An improved version of this LED shelf by DIY Machines on Youtube to include more features and settings. Link to the original Github repo here

Gallery

I didnt show the Loop or Rain effect since they suck in picture form. They look better in video

Original solid clock with solid spotlights Red-Blue gradient with static clock segments
Red-Blue gradient clock with sparkles Orange-Blue gradient fire
Rainbow clock with solid background and 1 pixel wide hyphen Rainbow Everything

Improvements over the original

  • Used an ESP8266 instead of an Arduino Nano

  • Auto-update time from the internet (No need for a real-time clock or manual configuration aside from UTC offsets)

  • Created a webserver to control different settings:

    • Full mobile and desktop support!
    • Toggle On/Off
    • Control Brightness (Segments, background, or spotlight dimming)
    • Modify Time (for daylight savings)
    • Color Control
    • Pattern Control
    • Hypen seperator for hours and minutes
    • Backlight Support
    • Smart Home automation support via HTTP requests
  • It also includes different patterns/lighting effects

    • Static/Solid
    • Rainbow
    • Gradient
    • Sparkle
    • Rain/Snow
    • Looping/Loading
    • More to be implemented
  • Every segment on the shelf has LEDs

    • Requires exactly 300 WS2812B LEDs (compared to the original 219) for the 12hr version. Would need 347 total for a 24hr version (including spotlights)
      • You can buy a 5m 60 LED's/m WS2812B LEDS strip for about $20 CAD on Aliexpress. Just pray that none of the LED's come dead on arrival
    • 32 Segments for the 12hr version (compared to the original 23). 37 Segments for the 24hr version
    • 12 Spotlights for the 12hr version. 14 Spotlights for the 24hr version
  • Support for 24-hour format

  • Expandable to larger shelf sizes

  • Scheduling effects/brightnesses for different times of day

This should work if you decide to not add spotlight LED's.
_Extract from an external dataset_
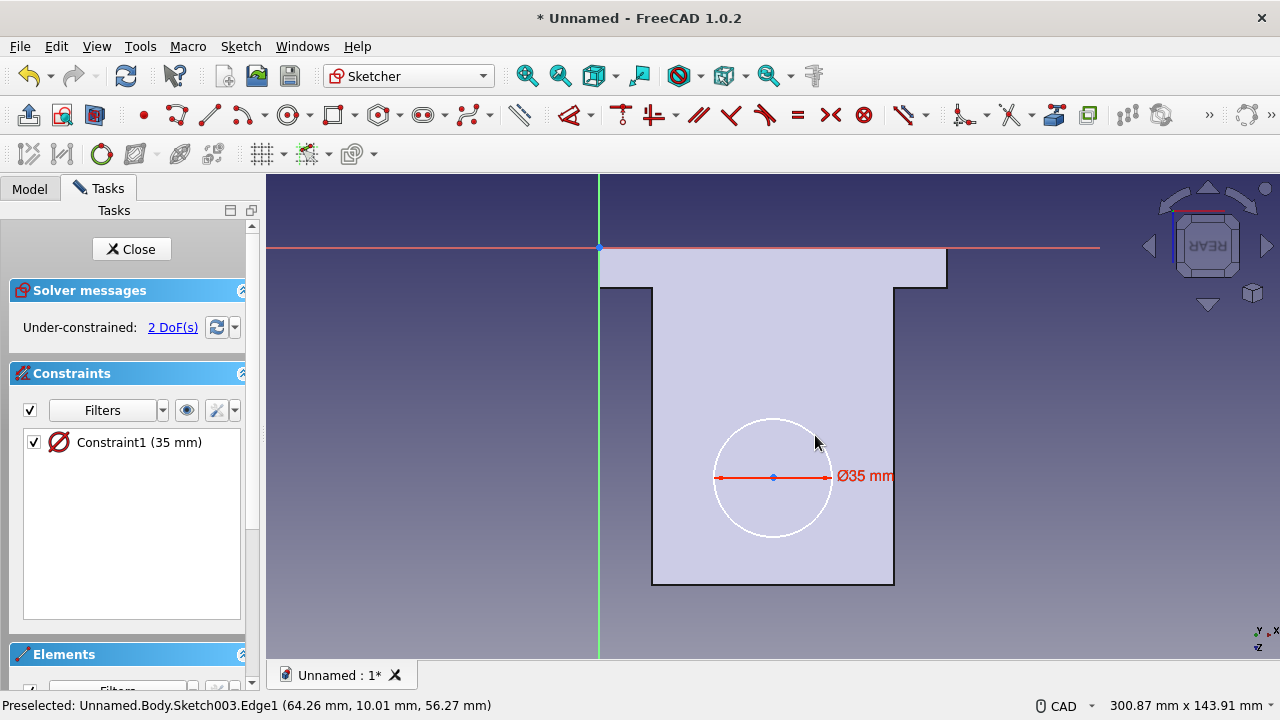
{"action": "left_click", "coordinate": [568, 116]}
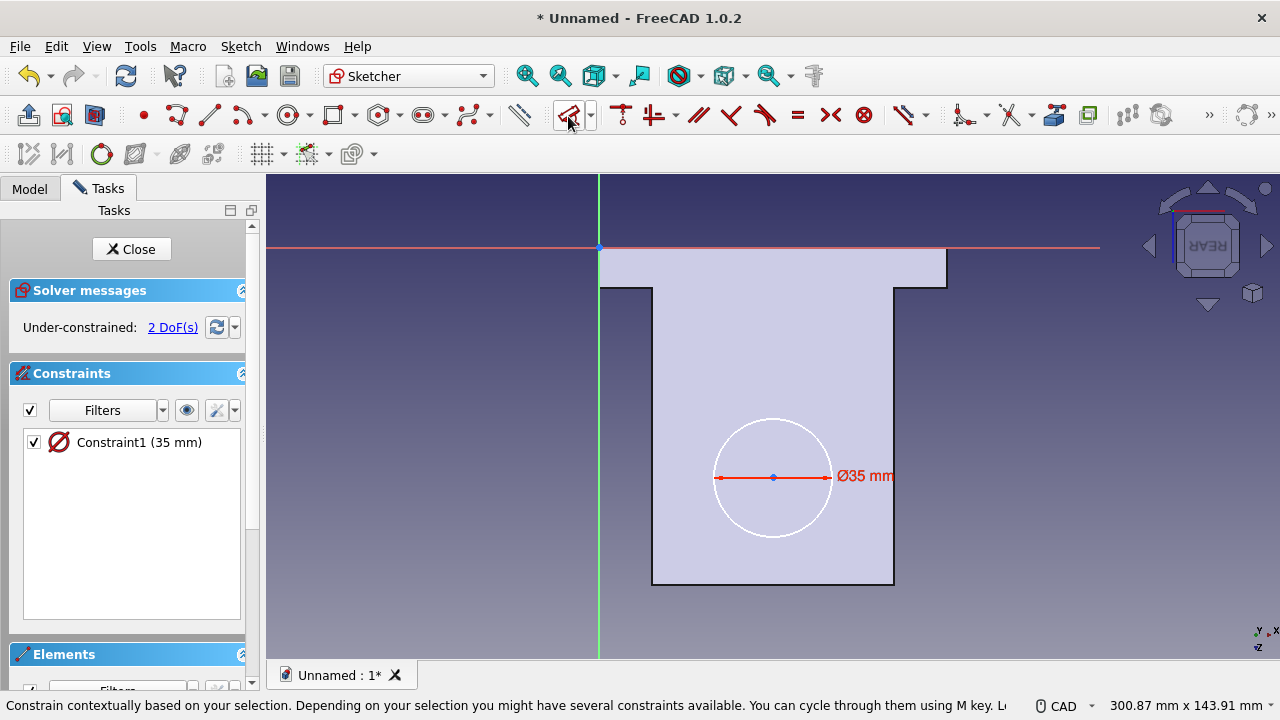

I kept the more common configuration changes such as lighting effects easily accessable from the web-server, while less common configurations such as changing UTF offset for daylight savings for timezones or setting FPS as a webserver command. Other typically non-changing variables such as the # of LEDS, display width/height, and others are coded in Config.h. The configurations are persistent on restart, so all effects will be saved on a power loss or restart.

This thing runs at 30+ fps relatively consistently. It usually runs at 60+ fps, but if you choose the heaviest load with gradient everything, it gets fairly computationally heavy and unoptimized. This is at 80MHz CPU, so you can get higher FPS with 160MHz. Note that all effect speeds are framerate reliant, so speeding up the FPS makes the effects faster

Dependencies

You would need to have the following libraries installed:

  • FastLED
  • LittleFS

Configuration

If you need help on any configuration, go to the discussions tab and ask there

Setting to 24hr layout

To switch to 24hr mode, you need to change a line in ./data/config.js file and on the first line of code, change it to const enable24HR = true;. This will allow for an extra column of spotlights if you added them. If you have a setup with a setup larger than >2x7, then you will need to configure it yourself, but it is as simple as changing 2 numbers in the config.js file.

In the C++ code, comment out _12_HR_CLOCK and uncomment _24_HR_CLOCK in Config.h. Width and Height should automatically reconfigure to support this. If you wired everything exactly as I did (see image below), you don't need to make any more configuration changes in the C++ code. Otherwise, follow the steps below.

Last thing you may need do is to go into Config.h and modify the segmentWiringOrder, spotlightWiringOrder, h_ten[], h_one[], m_ten[], and m_one[]. The first array tells the program how you wired the clock, so each number in the array is the lighting index that segment covers. The numbers in those last 4 arrays should be the lighting (not wiring) index. The image below is the wiring order that is coded into the program right now. However, if your wiring order is not the same, you have to reference in what order your segments are wired. See the code in Config.h to learn in what order to put it in.

Wiring

Setting up Secrets.h (Required)

Create a file called "Secrets.h" with the following code. Replace the placeholder text with the relevant information:

const char PROGMEM *ssid     = "Your WiFi Name Here";
const char PROGMEM *password = "Your WiFi Password Here";
Variable Description
ssid Name of the WiFi point to connect to. Otherwise the clock will not sync and you can't connect to the webserver
password Password to the WiFi point

Webserver configuration (Recommended to set UTC Offset)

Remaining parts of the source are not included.